Видимо, попугаи — типично писательские птицы. Бахчанян, впрочем, утверждал, что у них могло быть и более достойное призвание. Как известно, Франциск Ассизский читал проповеди птицам, в основном — голубям. Они до сих пор живут возле его кельи. Так вот, Вагрич считал, что если бы Франциска слушали не голуби, а попугаи, они смогли бы донести до нас слова святого.
9
Галерея чудаков в «Заповеднике» — лучшая у Довлатова. Сергей был сильнее всего во фронтальном изображении героев. Отсутствие заранее выбранной
Этим довлатовская проза напоминает сад камней, который мне довелось видеть в Пекине. В императорский парк Запретного города веками свозили причудливые речные глыбы, добытые со дна Янцзы. Прелесть этих необработанных камней в том, что они лишены умысла. Красота камня — не нашей работы, поэтому и сад камней не укладывается в нашу эстетику. Это не реализм, не натурализм, это — искусство безыскусности. Не может быть камня неправильной формы, потому что для него любая форма — правильная, своя.
В довлатовской прозе персонажи, как причудливые глыбы в саду камней, живут каждый по себе. Их объединяет лишь то, что с ними ничего нельзя сделать, в том числе — понять.
Поэтому довлатовский диалог часто напоминает разговор глухих. Собеседники не столько спрашивают, сколько переспрашивают друг друга. Всякая реплика плодит недоразумение, попытки разрешить которое только ухудшают дело. Поскольку каждый пользуется своим, непонятным другому языком, то речь перестает быть оружием. Диалог — не поле боя, а арена, где каждый говорит, не заботясь о другом. Их тут все равно некому слушать, кроме, конечно, автора, виртуозно воспроизводящего в «Зоне», например, такое лагерное qui pro quo:
«— Придет, бывало, кум на разговенье…
— Кум? — забеспокоился Ероха. — Опер, что ли?
— Опер… Сам ты — опер. Кум, говорю… родня…»
Это солировал зэк из крестьян. А вот вор в законе:
«— Да, я умел рогами шевелить. Аж девы подо мной кричали!..

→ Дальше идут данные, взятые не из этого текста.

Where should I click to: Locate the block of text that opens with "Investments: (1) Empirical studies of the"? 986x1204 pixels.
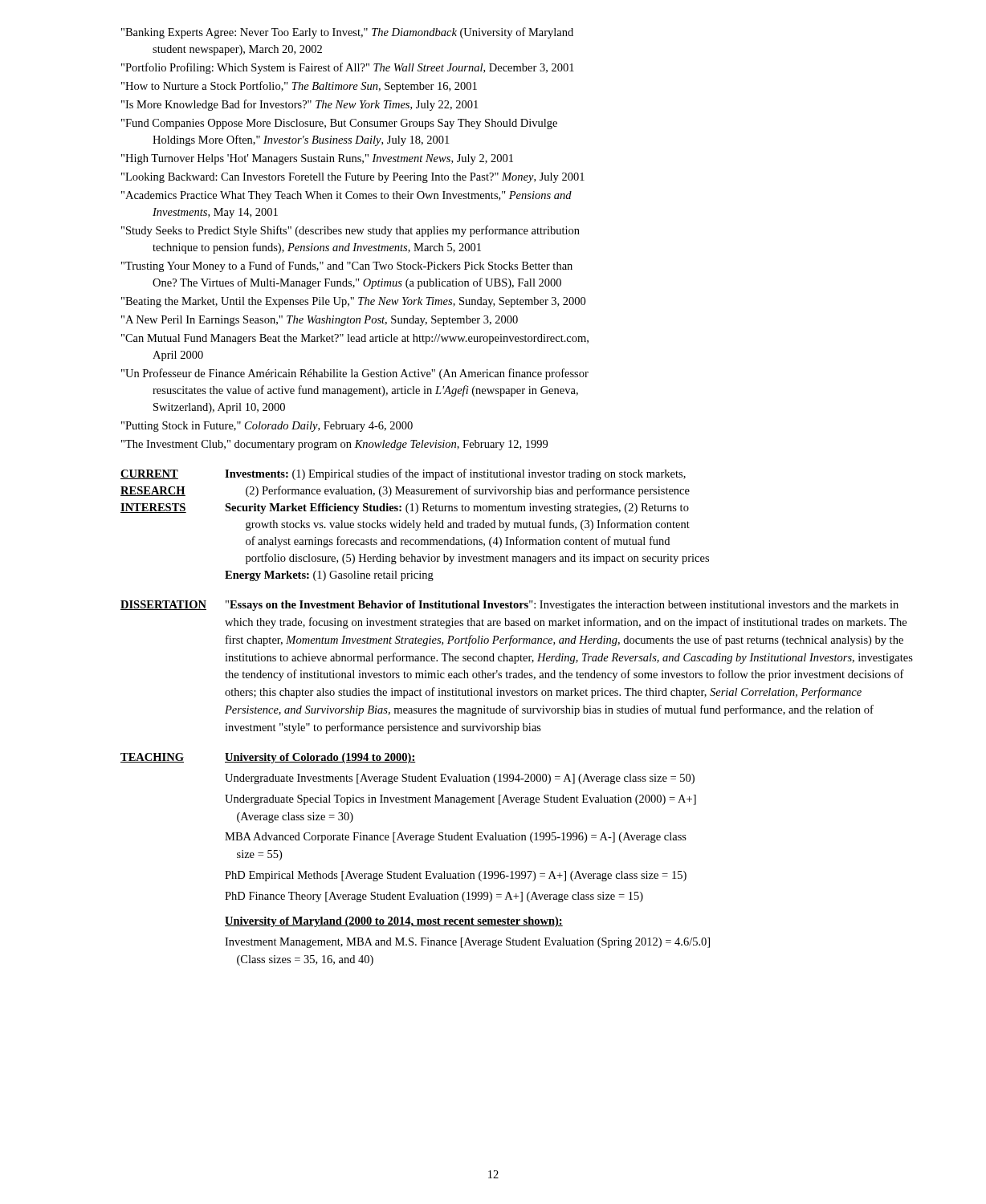[467, 524]
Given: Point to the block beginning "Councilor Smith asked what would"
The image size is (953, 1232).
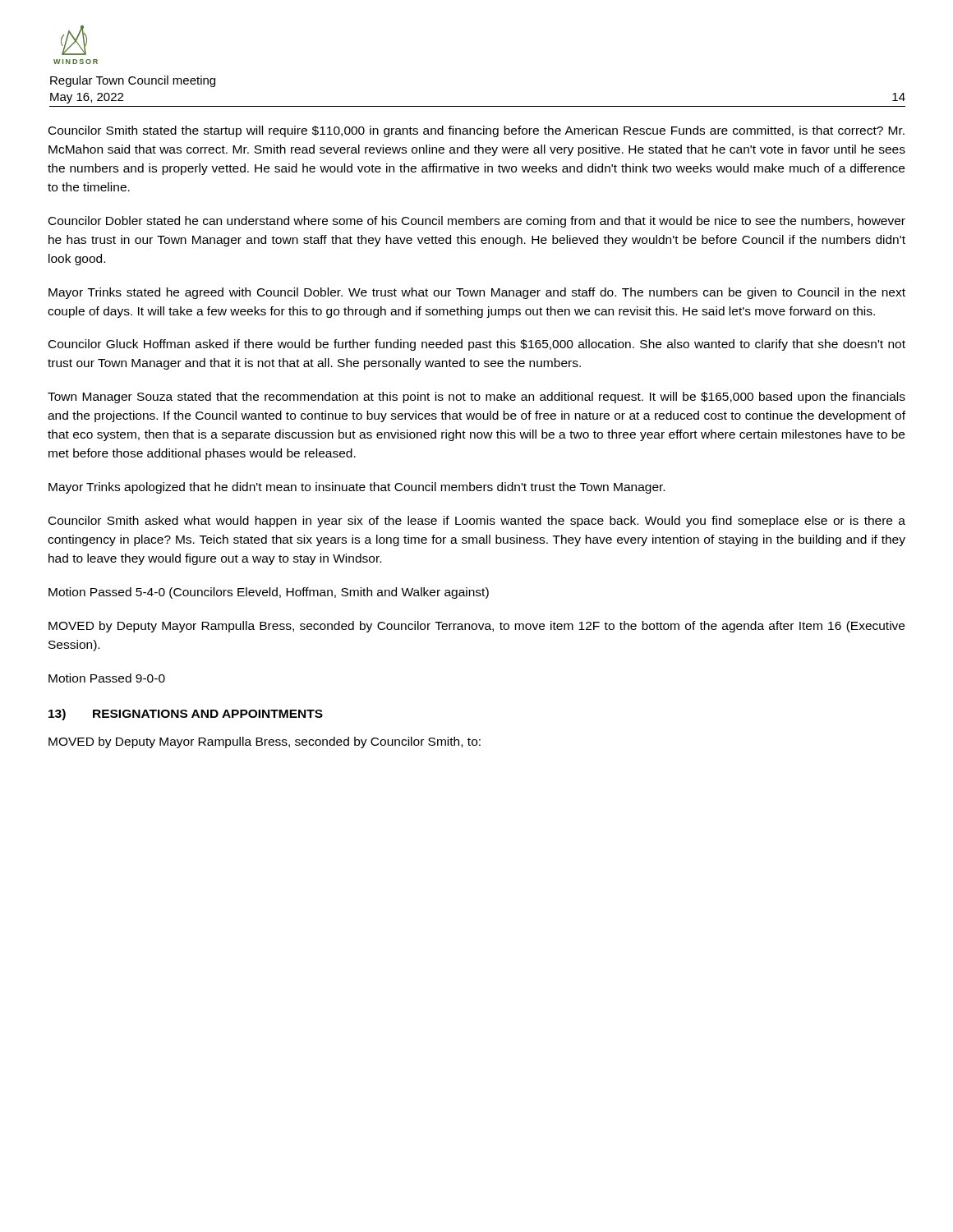Looking at the screenshot, I should pos(476,539).

— Что без толку кричать? — сказал Замараев.
— Эх ты, деревня! А секс?
— Чего? — не понял Замараев».
В «Заповеднике» лишены смысла даже диалоги, которые ведут самые близкие люди. Так, каждый разговор героя с будущей женой лишь усугубляет их взаимонепонимание:
«— Нет у меня родителей, — печально ответила Таня.
Я смутился.
— Простите, — говорю, — за бестактность…
— Они живут в Ялте, — добавила Таня, — папаша — секретарь райкома…»
Или:
«— Один повесился недавно. Его звали — Рыба. Прозвище такое… Так он взял и повесился… Сейчас он работает корректором.
— Кто?! — вскричал я.
— Рыба. Его удалось спасти. Сосед явился к нему за папиросами…»
Дальше — только хуже. Чем ближе становятся герои, тем меньше они понимают друг друга:
«Как-то раз я водворил над столом фотографию американского писателя Беллоу.

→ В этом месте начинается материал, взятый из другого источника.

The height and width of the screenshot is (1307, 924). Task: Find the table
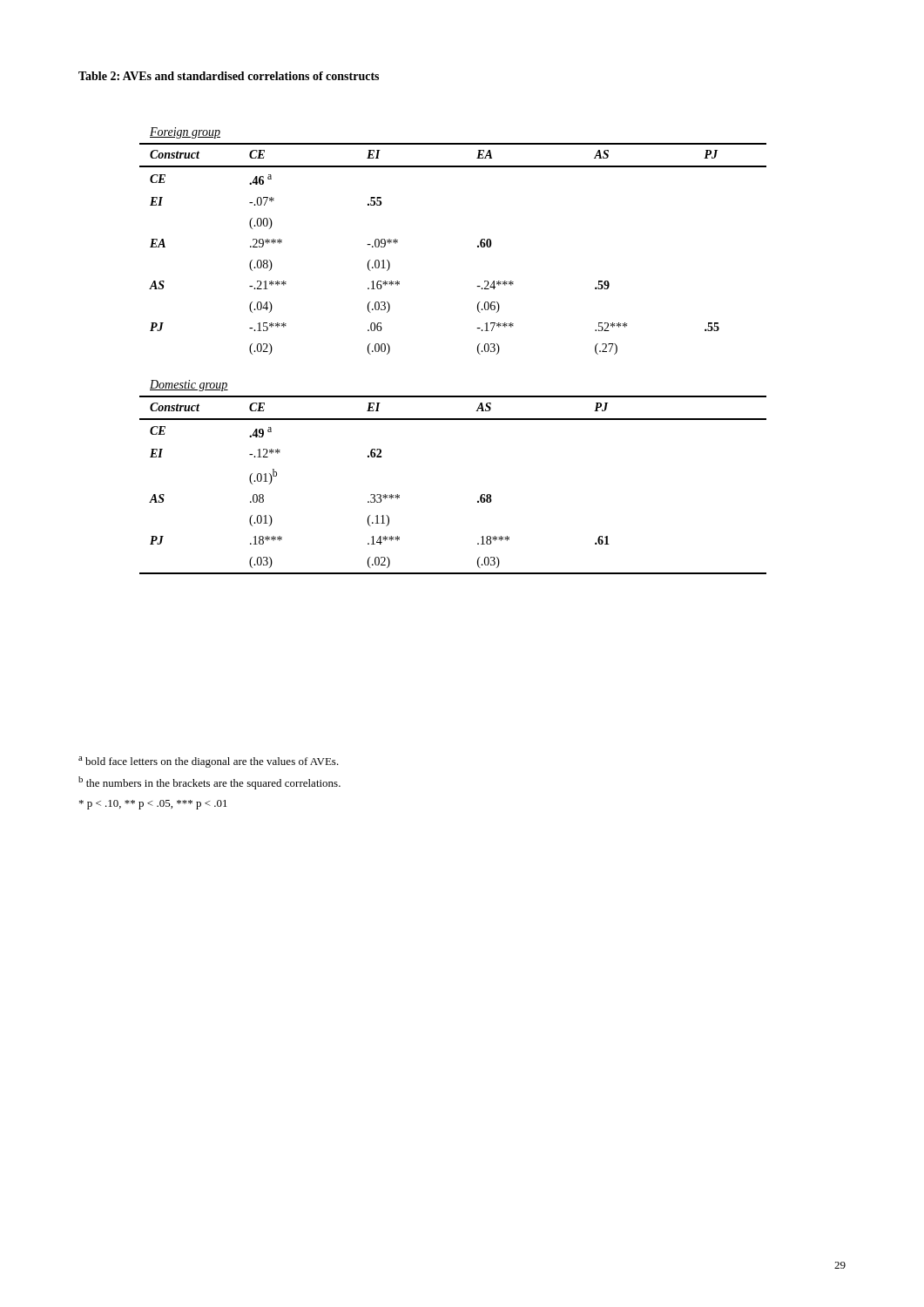[x=453, y=348]

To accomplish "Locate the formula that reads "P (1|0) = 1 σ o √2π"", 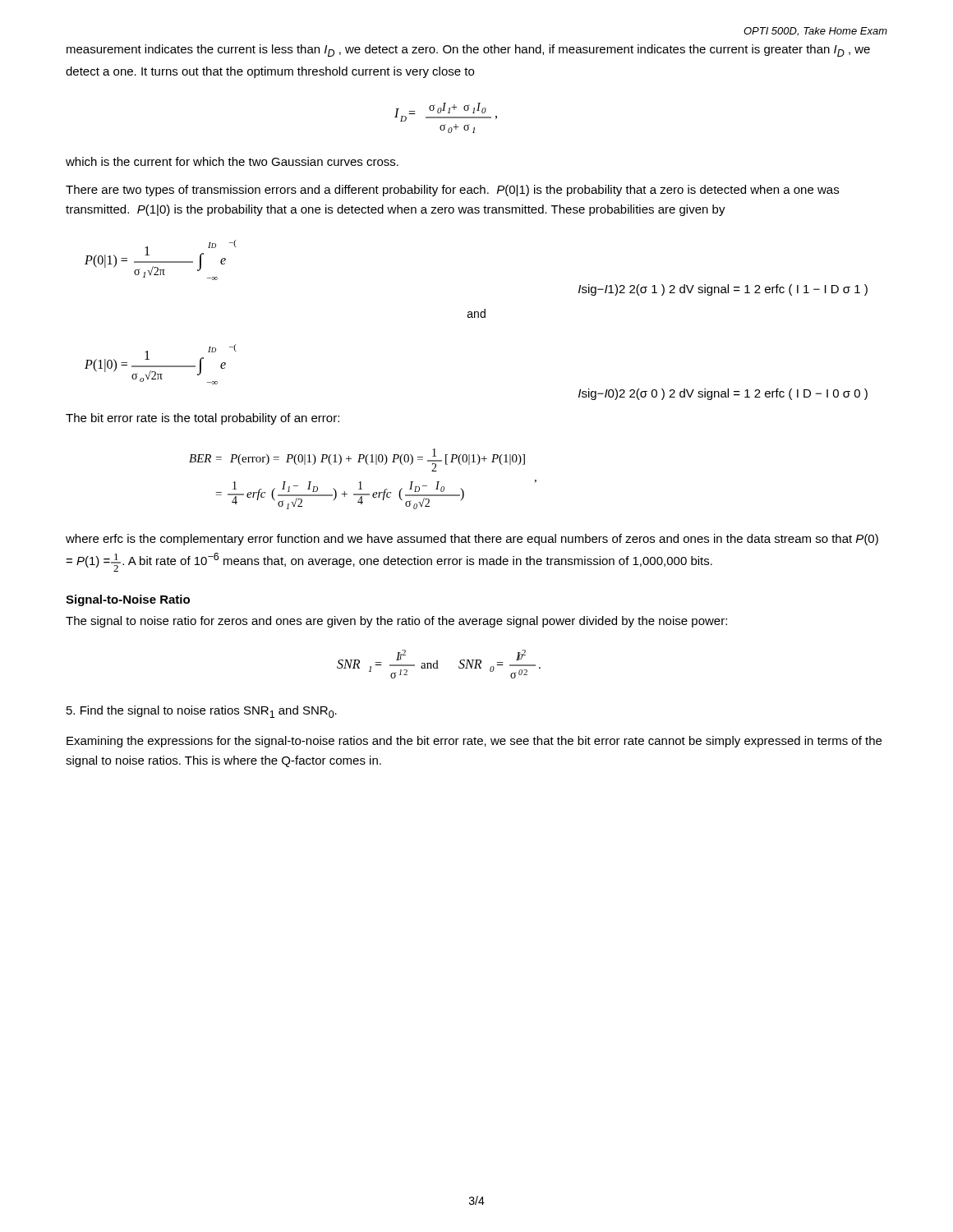I will [x=161, y=364].

— Белов? — переспросила Таня. — Из „Нового мира“?
— Он самый, — говорю…»
Прекращает эту трагикомическую неразбериху лишь Танина эмиграция, которую она защищает явно не своими словами. Только этот диалог и имеет смысл, и то потому, что для него Довлатов поделил поровну собственные аргументы. Однако и это не помогло им договориться. Дело в том, что для героя «Заповедника» «ехать — не ехать» — не настоящий вопрос. Настоящий вопрос — не где жить, а как.